» **Exercise goal**
What follows is a set of records; repeat them exactly, without the pictures.

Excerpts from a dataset
***
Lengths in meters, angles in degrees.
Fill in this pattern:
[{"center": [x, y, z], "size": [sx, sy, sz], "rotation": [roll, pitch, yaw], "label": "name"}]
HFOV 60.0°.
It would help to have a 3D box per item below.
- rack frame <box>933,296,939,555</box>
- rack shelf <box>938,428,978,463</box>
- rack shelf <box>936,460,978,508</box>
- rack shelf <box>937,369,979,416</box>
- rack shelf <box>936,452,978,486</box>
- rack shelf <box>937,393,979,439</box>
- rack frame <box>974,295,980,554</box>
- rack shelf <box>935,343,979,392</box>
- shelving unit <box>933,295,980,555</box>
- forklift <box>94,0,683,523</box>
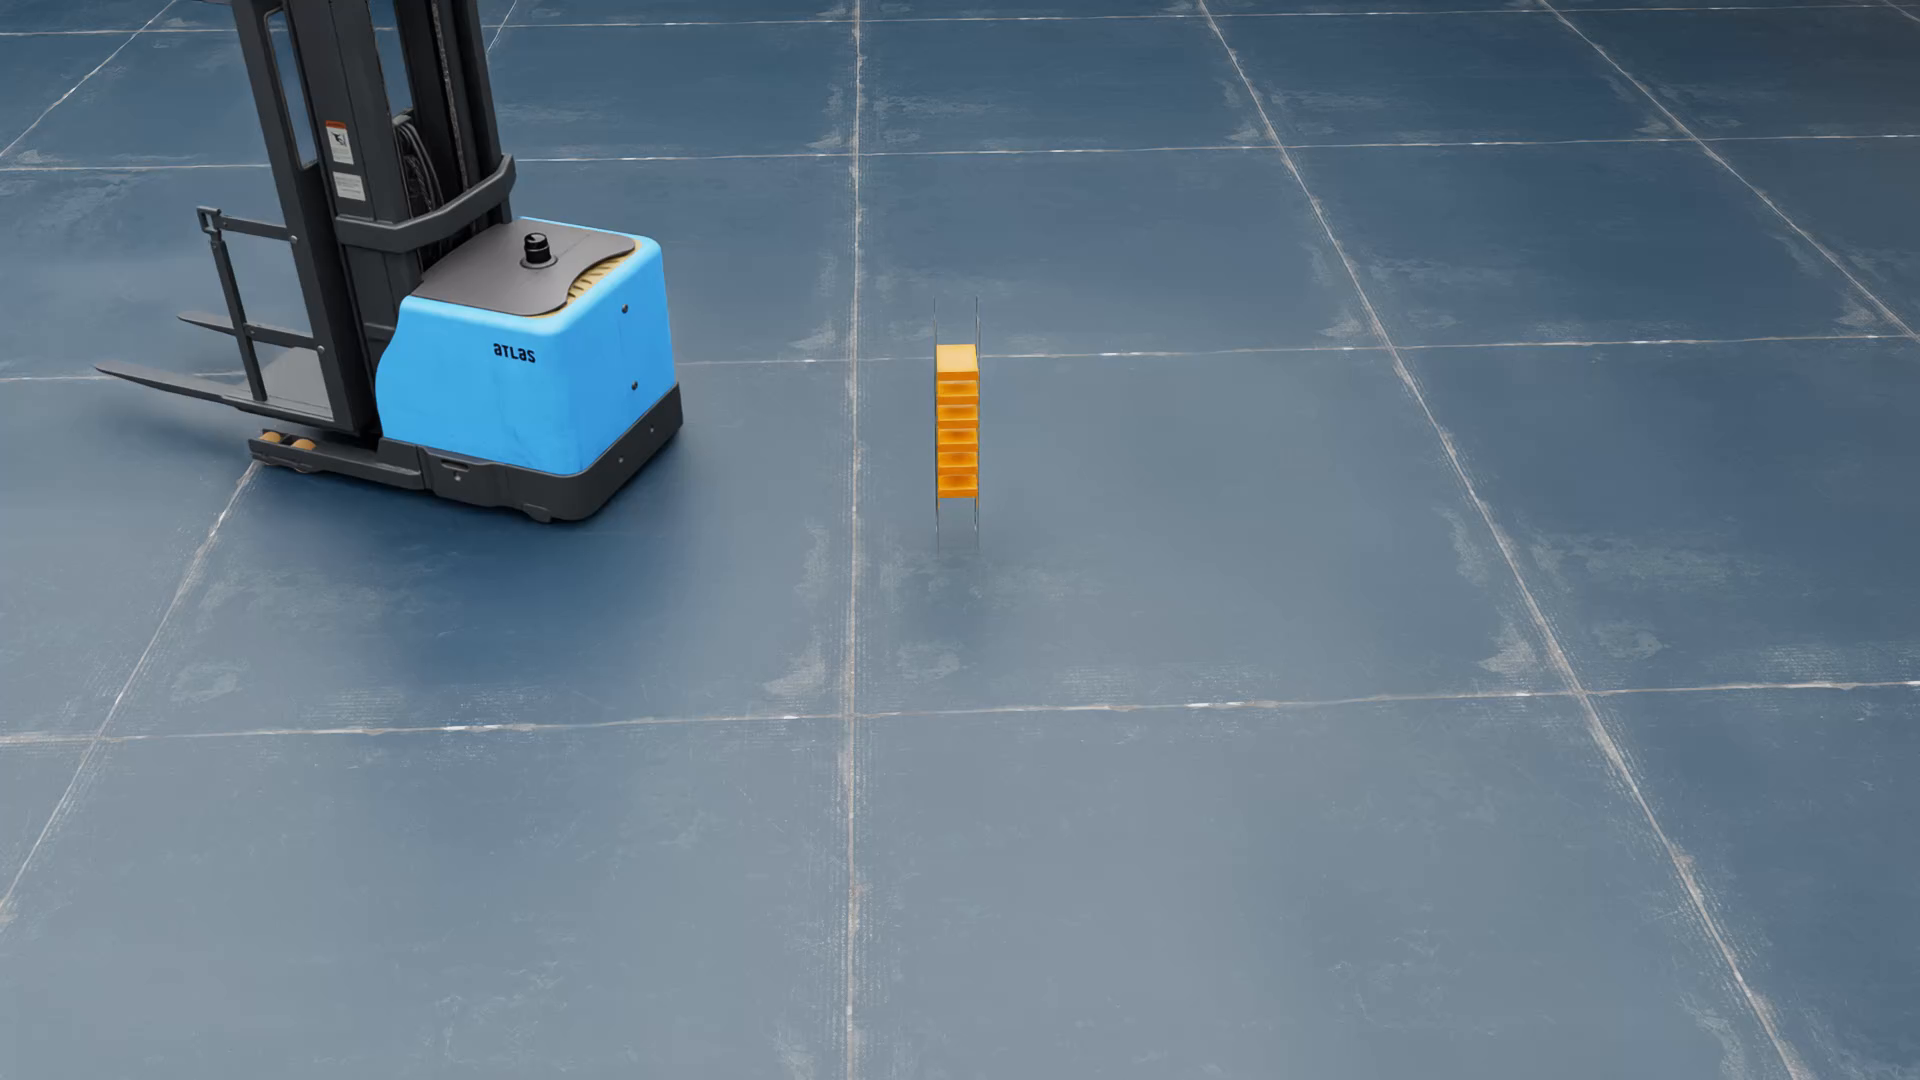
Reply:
***
» **Answer for the task**
Lengths in meters, angles in degrees.
Fill in this pattern:
[{"center": [x, y, z], "size": [sx, sy, sz], "rotation": [roll, pitch, yaw], "label": "name"}]
HFOV 60.0°.
It would help to have a 3D box per item below.
- rack frame <box>933,296,939,555</box>
- rack shelf <box>938,428,978,463</box>
- rack shelf <box>936,460,978,508</box>
- rack shelf <box>937,369,979,416</box>
- rack shelf <box>936,452,978,486</box>
- rack shelf <box>937,393,979,439</box>
- rack frame <box>974,295,980,554</box>
- rack shelf <box>935,343,979,392</box>
- shelving unit <box>933,295,980,555</box>
- forklift <box>94,0,683,523</box>
Reply:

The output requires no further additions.